I can easily imagine that an empty kernel was written, since COPYKERN didn't seem to find the file it was looking for.


----------



## Steve Palo (Jan 18, 2002)

On another thread, I got the suggestion to issue a "mount /dev/hdd /cdrom" command before the COPYKERN. It worked, and copykern finished without any errors or warnings. 

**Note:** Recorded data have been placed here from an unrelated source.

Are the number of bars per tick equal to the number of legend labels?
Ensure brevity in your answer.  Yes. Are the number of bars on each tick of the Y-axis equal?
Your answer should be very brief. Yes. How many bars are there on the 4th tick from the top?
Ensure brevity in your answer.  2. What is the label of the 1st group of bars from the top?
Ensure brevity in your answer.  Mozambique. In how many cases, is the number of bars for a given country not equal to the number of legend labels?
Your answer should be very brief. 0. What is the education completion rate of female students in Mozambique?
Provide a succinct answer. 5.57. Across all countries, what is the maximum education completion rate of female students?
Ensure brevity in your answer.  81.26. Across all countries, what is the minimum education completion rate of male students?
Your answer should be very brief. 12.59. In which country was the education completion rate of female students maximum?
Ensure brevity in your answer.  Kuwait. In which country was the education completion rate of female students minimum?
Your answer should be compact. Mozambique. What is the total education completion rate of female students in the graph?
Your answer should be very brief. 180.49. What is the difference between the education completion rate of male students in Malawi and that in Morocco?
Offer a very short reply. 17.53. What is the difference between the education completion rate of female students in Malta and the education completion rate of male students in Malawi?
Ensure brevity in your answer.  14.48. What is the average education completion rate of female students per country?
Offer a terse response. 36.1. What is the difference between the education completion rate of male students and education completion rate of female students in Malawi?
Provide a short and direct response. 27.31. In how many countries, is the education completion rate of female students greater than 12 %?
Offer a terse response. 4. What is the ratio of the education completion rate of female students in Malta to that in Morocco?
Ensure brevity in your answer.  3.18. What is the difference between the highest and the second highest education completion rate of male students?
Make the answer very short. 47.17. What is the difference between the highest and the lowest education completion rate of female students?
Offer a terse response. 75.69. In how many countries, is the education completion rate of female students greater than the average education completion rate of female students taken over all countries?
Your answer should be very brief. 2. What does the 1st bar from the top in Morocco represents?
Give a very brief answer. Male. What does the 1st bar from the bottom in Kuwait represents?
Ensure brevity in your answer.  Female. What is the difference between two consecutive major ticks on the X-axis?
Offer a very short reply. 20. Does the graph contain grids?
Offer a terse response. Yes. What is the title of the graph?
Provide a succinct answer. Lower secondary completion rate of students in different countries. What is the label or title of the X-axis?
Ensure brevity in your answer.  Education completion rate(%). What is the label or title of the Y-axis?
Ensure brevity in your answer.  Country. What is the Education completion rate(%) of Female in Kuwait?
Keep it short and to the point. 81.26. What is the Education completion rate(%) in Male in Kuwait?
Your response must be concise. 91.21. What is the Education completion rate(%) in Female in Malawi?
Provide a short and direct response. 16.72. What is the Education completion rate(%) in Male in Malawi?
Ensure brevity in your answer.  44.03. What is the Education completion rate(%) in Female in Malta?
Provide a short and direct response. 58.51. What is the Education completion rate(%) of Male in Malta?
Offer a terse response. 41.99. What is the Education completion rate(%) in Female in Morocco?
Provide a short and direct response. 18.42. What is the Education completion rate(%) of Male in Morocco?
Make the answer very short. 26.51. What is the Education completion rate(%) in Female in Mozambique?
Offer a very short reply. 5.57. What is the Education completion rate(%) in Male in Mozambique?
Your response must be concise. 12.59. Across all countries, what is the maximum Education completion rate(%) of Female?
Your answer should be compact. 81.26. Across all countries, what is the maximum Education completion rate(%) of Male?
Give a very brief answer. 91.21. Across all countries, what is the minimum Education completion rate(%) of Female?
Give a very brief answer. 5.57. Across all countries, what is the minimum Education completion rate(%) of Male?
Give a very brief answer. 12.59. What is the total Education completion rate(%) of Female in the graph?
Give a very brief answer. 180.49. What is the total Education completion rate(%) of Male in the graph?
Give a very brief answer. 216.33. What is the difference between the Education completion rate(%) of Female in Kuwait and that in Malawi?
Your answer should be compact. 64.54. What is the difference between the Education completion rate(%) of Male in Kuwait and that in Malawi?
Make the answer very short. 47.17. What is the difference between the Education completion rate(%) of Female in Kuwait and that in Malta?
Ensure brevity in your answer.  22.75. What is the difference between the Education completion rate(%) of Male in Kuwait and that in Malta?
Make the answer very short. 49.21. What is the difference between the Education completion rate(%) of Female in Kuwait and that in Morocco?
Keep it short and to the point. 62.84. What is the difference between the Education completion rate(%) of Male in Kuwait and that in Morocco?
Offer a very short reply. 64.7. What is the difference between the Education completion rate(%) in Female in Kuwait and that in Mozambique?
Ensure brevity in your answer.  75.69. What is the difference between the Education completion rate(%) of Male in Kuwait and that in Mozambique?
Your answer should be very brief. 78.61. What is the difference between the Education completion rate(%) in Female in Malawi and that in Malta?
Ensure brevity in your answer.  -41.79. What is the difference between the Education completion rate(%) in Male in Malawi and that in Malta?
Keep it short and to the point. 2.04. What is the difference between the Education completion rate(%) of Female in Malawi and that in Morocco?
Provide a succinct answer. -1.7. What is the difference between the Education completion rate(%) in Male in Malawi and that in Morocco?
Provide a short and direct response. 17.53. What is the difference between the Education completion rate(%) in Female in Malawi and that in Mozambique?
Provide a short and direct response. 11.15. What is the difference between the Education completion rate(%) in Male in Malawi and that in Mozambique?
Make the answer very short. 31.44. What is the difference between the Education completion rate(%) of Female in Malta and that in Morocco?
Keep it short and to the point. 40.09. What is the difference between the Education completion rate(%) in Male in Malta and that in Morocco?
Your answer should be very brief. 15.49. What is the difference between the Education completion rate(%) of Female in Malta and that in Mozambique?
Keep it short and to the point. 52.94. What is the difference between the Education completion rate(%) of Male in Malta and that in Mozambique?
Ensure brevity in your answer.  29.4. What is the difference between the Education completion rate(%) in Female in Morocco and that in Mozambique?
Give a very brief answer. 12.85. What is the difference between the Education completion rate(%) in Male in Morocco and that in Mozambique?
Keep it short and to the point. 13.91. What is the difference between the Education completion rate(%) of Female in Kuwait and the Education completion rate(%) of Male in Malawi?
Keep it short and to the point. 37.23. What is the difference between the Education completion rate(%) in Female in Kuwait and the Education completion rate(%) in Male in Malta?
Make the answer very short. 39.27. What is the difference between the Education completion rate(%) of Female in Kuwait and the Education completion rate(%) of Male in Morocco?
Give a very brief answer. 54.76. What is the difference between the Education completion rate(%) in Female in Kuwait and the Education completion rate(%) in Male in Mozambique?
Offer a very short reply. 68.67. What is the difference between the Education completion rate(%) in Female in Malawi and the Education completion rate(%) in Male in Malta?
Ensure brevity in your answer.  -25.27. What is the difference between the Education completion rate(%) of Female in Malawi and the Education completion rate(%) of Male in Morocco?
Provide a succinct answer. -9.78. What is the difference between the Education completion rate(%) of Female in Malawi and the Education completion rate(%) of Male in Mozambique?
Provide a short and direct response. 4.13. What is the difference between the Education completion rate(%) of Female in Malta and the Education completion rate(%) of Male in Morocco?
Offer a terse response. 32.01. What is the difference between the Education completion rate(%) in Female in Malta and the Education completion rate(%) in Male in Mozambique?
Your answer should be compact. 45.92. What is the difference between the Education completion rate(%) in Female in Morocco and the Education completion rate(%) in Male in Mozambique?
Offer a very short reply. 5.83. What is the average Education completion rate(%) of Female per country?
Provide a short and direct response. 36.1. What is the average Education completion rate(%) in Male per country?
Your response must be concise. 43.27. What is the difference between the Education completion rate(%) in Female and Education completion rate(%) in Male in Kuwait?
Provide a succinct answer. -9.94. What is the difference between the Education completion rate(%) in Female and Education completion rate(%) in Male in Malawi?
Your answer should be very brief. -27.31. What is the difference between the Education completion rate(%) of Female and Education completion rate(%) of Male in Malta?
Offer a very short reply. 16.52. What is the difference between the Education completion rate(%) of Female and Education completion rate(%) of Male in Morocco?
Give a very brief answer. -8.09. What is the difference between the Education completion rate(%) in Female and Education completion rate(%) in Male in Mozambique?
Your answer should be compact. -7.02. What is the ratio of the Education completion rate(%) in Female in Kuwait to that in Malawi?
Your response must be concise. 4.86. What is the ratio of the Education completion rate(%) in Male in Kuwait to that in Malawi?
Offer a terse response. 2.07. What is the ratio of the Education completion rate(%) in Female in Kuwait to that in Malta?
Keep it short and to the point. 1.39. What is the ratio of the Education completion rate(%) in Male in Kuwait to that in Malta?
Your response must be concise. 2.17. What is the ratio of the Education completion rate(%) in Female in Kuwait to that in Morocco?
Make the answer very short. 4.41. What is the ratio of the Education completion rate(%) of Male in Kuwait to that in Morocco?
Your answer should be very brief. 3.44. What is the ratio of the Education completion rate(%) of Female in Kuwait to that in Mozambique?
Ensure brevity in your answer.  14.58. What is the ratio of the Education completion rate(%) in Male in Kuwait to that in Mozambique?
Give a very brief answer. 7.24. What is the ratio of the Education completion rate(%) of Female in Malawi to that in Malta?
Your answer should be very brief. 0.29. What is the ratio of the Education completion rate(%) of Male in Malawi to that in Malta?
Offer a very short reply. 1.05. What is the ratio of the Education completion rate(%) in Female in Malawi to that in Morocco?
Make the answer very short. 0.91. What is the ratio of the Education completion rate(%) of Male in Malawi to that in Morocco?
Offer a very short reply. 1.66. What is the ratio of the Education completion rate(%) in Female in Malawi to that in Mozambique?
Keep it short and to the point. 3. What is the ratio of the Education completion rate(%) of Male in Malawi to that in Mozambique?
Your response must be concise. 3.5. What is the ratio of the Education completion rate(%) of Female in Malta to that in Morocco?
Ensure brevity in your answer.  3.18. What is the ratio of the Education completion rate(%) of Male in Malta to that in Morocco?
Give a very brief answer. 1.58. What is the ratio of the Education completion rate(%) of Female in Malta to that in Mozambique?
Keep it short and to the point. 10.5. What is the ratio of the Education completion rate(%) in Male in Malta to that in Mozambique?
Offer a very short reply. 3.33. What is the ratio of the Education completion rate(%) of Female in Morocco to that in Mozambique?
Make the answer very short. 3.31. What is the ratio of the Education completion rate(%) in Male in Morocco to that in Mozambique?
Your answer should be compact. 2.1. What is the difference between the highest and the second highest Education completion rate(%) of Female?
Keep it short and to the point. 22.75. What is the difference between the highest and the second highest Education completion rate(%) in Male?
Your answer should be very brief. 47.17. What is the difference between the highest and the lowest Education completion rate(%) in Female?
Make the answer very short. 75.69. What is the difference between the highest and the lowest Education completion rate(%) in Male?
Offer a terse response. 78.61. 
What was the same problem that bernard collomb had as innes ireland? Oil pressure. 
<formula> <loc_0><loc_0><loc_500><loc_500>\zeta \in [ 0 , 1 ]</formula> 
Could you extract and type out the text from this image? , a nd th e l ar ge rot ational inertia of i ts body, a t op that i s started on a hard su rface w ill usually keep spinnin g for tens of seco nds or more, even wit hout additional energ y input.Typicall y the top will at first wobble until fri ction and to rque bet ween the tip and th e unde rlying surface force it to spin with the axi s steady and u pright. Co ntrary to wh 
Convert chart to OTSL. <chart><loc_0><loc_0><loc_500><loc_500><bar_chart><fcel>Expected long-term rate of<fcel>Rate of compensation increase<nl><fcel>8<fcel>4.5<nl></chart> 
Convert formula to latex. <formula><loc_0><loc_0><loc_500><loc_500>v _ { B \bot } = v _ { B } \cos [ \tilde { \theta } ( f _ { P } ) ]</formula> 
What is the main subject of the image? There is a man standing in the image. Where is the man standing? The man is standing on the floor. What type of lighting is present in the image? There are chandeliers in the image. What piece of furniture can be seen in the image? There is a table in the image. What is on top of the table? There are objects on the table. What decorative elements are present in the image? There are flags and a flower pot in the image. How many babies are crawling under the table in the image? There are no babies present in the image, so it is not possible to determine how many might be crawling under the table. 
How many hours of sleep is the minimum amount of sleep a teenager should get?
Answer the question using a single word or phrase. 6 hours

However, the resultant disk will still not boot my Tivo. So, does anyone know how to read the kernel logs when the Tivo disk is connected to a pc and the pc is booted with an LBA48 aware CD? The issue is probably how to correctly "mount" the Tivo disk, e.g. what file "type" file system does the Tivo disk have.


----------



## halfempty (Oct 17, 2008)

All the logs are in /var/log on the Tivo, /var is partition 9. Mount it in an empty directory on the PC by using the same command you used to mount the CD. Assuming the Tivo drive is on the secondary master on the PC and /mnt is unused it would be "mount /dev/hdc9 /mnt", and the kernel log will be /mnt/log/kernel. You can read it using more or something similar. If you have a serial cable the captured messages during boot should have that information.


----------



## Steve Palo (Jan 18, 2002)

Thanks again for the info. However, the "mount /dev/hdc9 /mnt" command only returns the same "mount: you must specify the filesystem type" message that I've been getting trying to mount the tivo disks. Do you happen to know the filesystem type for a Tivo disk?


----------



## halfempty (Oct 17, 2008)

The file system uses ext2. The command would be mount -t ext2 /dev/hdc9 /mnt.


----------



## Steve Palo (Jan 18, 2002)

Sorry to keep bothering you, halfempty. The "mount -t ext2 /dev/hdc9 /mnt" returns:
mount: wrong fs type, bad option, bad superblock on /dev/hdc9
or too many mounted file systems

I also tried just "hdc", and then hdc1, hdc2, hdc3, hdc4, hdc12, and hdc13 before giving up.

Just "mount" returns:
/dev/fd2 on / type minix (rw)
none on /proc type proc (rw)
/dev/hdd on /var/log/mount type iso9660 (ro)
if that tells you anything

I'm using a Western Digital 320GB disk, WD3200AAJB PATA /8MB cache.


----------



## halfempty (Oct 17, 2008)

Does the /mnt directory exist in the file system on the PC? I was using that as an example since a lot of *NIX systems have one as a convenience, but please check. It doesn't have to be /mnt, any empty directory will do. You can create a directory using the mkdir command if you need to. If everything is there and you really have a bad superblock on hdc9 (*NIX errors are sometimes misleading), then something in the image or the restore process might be corrupt. Plan B: buy an InstantCake .iso for your model from dvrupgrade.com, one of the site sponsors, to have a known good starting point and process.


----------



## Steve Palo (Jan 18, 2002)

Took your advice and bought an InstantCake .iso Odd thing, it gives the same result. Baked both drives in separate sessions. Neither will boot in either of the two HDR112's I try them in. I'm still wondering if there is something fishy with these new Western Digital drives.


----------



## halfempty (Oct 17, 2008)

Wow, I didn't see that one coming. Now I'm at a loss, hopefully Lou from DVRupgrade will see this post. You might also try posting on their forum at http://www.dvrupgrade.com/forums/ to see if he knows of any incompatibility with that drive.


----------



## tivoupgrade (Sep 27, 2000)

Steve Palo said:


> I'm still wondering if there is something fishy with these new Western Digital drives.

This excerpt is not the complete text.